→ **Exercise brief**
Look through the listing below, find every line with the string "camera", and copy it.

→ **Material to process**
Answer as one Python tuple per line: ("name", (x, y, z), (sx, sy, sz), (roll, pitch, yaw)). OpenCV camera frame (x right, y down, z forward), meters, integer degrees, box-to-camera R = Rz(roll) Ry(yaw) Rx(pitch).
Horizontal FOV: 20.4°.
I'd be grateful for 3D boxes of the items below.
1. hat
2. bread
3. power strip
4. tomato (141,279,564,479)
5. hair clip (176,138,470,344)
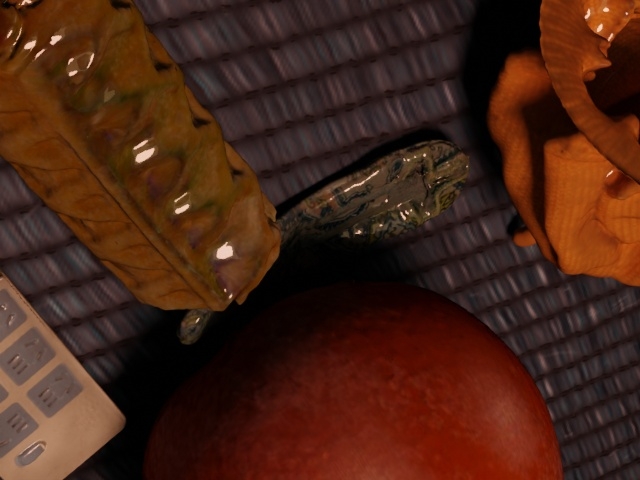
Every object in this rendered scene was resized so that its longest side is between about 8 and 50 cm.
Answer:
("hat", (0.188, -0.062, 1.167), (0.233, 0.244, 0.233), (19, 144, -18))
("bread", (-0.111, -0.057, 0.939), (0.269, 0.098, 0.087), (56, 39, -50))
("power strip", (-0.183, 0.083, 1.035), (0.081, 0.035, 0.192), (-41, 140, -9))
("tomato", (0.025, 0.164, 1.113), (0.265, 0.265, 0.265), (-23, 135, -25))
("hair clip", (-0.001, -0.002, 1.117), (0.229, 0.036, 0.066), (-31, 141, -24))
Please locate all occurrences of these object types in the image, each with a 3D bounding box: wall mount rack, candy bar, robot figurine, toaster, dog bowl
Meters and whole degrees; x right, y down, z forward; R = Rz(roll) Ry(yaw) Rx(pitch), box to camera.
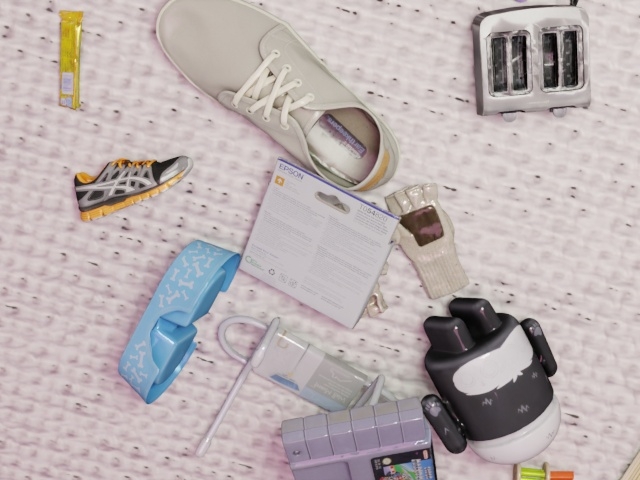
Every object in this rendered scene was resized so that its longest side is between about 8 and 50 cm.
[{"bbox_3d":[-0.052,0.291,1.577,0.350,0.130,0.304,28,130,-2],"label":"wall mount rack"},{"bbox_3d":[-0.405,-0.291,1.505,0.040,0.018,0.162,7,105,6],"label":"candy bar"},{"bbox_3d":[0.276,0.229,1.511,0.209,0.173,0.278,-26,101,17],"label":"robot figurine"},{"bbox_3d":[0.320,-0.278,1.407,0.168,0.110,0.186,-4,104,4],"label":"toaster"},{"bbox_3d":[-0.238,0.129,1.532,0.074,0.166,0.297,31,105,8],"label":"dog bowl"}]

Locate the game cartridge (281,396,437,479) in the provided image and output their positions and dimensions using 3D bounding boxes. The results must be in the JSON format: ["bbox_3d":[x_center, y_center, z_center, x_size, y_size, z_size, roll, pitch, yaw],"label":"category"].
[{"bbox_3d":[0.078,0.397,1.533,0.230,0.068,0.355,-8,134,5],"label":"game cartridge"}]

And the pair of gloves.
[{"bbox_3d":[0.108,0.023,1.536,0.240,0.042,0.204,-16,103,9],"label":"pair of gloves"}]

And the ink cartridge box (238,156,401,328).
[{"bbox_3d":[0.000,0.000,1.490,0.223,0.045,0.224,28,120,10],"label":"ink cartridge box"}]

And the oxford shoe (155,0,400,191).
[{"bbox_3d":[-0.062,-0.232,1.440,0.449,0.130,0.169,38,106,-4],"label":"oxford shoe"}]

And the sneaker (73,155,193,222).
[{"bbox_3d":[-0.310,-0.100,1.516,0.214,0.084,0.083,-20,97,10],"label":"sneaker"}]

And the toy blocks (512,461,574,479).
[{"bbox_3d":[0.409,0.445,1.615,0.148,0.054,0.123,4,105,3],"label":"toy blocks"}]

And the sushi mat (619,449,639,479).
[{"bbox_3d":[0.614,0.394,1.596,0.151,0.019,0.317,27,105,-2],"label":"sushi mat"}]

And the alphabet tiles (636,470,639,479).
[{"bbox_3d":[0.650,0.391,1.607,0.198,0.009,0.237,8,104,2],"label":"alphabet tiles"}]
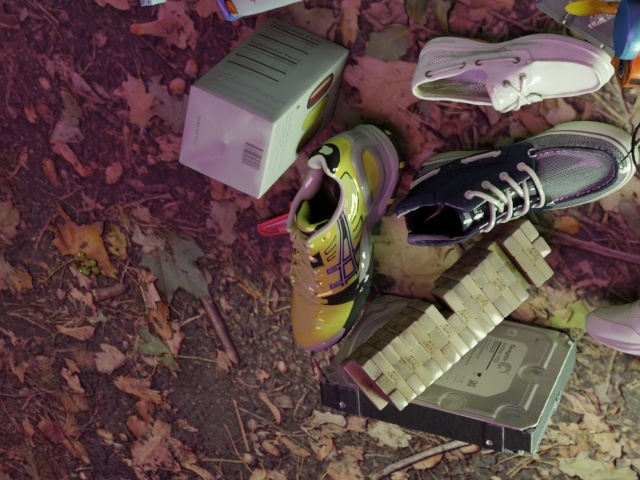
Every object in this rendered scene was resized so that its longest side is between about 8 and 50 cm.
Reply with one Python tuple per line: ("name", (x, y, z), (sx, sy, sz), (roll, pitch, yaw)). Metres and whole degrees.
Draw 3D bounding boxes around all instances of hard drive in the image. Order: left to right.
("hard drive", (0.198, 0.198, 1.949), (0.339, 0.237, 0.064), (13, 129, 22))

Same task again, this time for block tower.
("block tower", (0.188, 0.108, 1.839), (0.091, 0.335, 0.097), (51, 173, -11))

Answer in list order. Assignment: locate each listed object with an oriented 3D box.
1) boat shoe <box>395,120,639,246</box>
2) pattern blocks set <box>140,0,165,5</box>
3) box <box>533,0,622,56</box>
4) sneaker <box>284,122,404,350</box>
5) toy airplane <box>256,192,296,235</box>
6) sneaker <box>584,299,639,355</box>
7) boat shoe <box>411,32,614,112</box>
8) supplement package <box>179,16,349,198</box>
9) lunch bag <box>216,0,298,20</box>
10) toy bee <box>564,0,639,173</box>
("boat shoe", (0.267, -0.065, 1.778), (0.341, 0.158, 0.127), (-11, 115, 35))
("pattern blocks set", (-0.221, -0.482, 1.680), (0.026, 0.285, 0.324), (-3, 115, 19))
("box", (0.401, -0.340, 1.578), (0.183, 0.056, 0.231), (34, 132, 4))
("sneaker", (0.000, 0.000, 1.935), (0.145, 0.147, 0.384), (34, 123, 37))
("toy airplane", (-0.021, -0.014, 2.062), (0.151, 0.028, 0.151), (8, 122, 14))
("sneaker", (0.521, 0.083, 1.792), (0.305, 0.114, 0.152), (-6, 105, 28))
("boat shoe", (0.253, -0.213, 1.711), (0.277, 0.096, 0.098), (4, 143, 31))
("supplement package", (-0.078, -0.195, 1.822), (0.134, 0.244, 0.139), (25, 131, 13))
("lunch bag", (-0.046, -0.495, 1.560), (0.328, 0.239, 0.385), (0, 115, 53))
("toy bee", (0.382, -0.247, 1.528), (0.195, 0.162, 0.298), (23, 100, -7))
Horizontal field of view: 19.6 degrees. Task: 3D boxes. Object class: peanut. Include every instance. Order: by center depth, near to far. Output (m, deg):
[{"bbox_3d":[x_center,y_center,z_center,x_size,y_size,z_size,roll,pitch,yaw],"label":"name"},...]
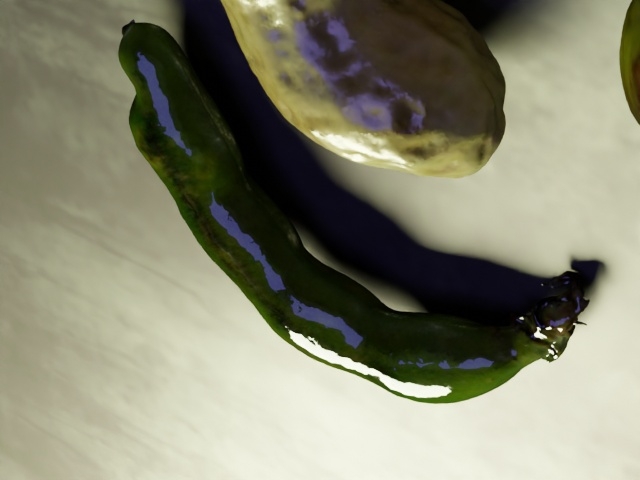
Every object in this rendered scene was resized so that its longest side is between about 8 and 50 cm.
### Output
[{"bbox_3d":[0.001,-0.120,0.860,0.229,0.098,0.103,55,170,-17],"label":"peanut"}]

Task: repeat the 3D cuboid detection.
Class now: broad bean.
[{"bbox_3d":[0.000,0.000,1.002,0.292,0.049,0.144,33,132,10],"label":"broad bean"}]

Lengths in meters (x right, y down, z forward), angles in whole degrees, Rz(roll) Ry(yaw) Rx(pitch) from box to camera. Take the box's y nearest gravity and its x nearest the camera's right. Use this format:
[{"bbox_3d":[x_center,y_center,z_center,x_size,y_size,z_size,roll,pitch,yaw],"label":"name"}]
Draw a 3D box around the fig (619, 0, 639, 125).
[{"bbox_3d":[0.212,-0.051,0.692,0.191,0.181,0.181,-16,114,21],"label":"fig"}]
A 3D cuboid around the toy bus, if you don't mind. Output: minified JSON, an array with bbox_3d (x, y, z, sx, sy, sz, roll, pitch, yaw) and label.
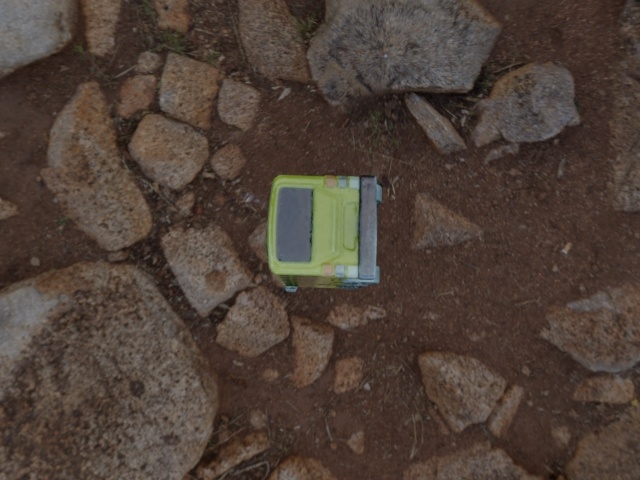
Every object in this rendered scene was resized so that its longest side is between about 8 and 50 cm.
[{"bbox_3d":[0.000,0.000,0.446,0.101,0.175,0.088,1,81,-2],"label":"toy bus"}]
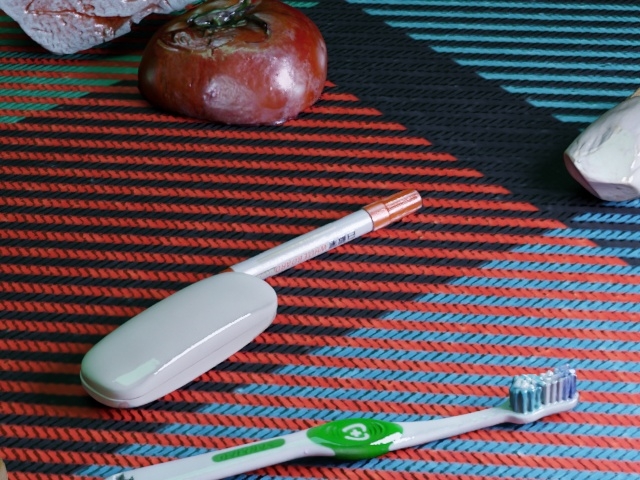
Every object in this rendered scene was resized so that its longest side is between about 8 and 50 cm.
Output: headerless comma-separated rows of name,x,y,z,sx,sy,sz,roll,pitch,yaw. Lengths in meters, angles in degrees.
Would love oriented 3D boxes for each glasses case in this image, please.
glasses case,-0.126,0.088,1.579,0.204,0.051,0.081,-30,44,-33

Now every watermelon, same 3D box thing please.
watermelon,-0.301,-0.323,2.083,0.201,0.213,0.261,-53,32,-12

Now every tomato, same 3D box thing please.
tomato,-0.099,-0.221,1.981,0.228,0.101,0.228,-4,35,3

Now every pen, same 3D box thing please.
pen,0.000,0.000,1.718,0.239,0.028,0.028,-24,40,-27

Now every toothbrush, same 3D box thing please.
toothbrush,0.019,0.171,1.472,0.418,0.040,0.042,-13,37,-7

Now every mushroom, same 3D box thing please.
mushroom,0.323,-0.101,1.793,0.097,0.088,0.212,-19,15,38

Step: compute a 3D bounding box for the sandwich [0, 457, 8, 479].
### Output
sandwich,-0.250,0.286,1.253,0.063,0.245,0.212,-4,0,5

→ **Result of this task**
Answer as one Python tuple per line: ("name", (x, y, z), (sx, sy, sz), (roll, pitch, yaw)). OpenCV camera frame (x right, y down, z forward), meters, integer degrees, box-to-camera R = Rz(roll) Ry(yaw) Rx(pitch).
Meters and whole degrees; x right, y down, z forward; R = Rz(roll) Ry(yaw) Rx(pitch), box to camera.
Lengths in meters (x right, y down, z forward), angles in whole degrees, Rz(roll) Ry(yaw) Rx(pitch) from box to camera. Take the box's y nearest gravity and its x nearest the camera's right. Use this format:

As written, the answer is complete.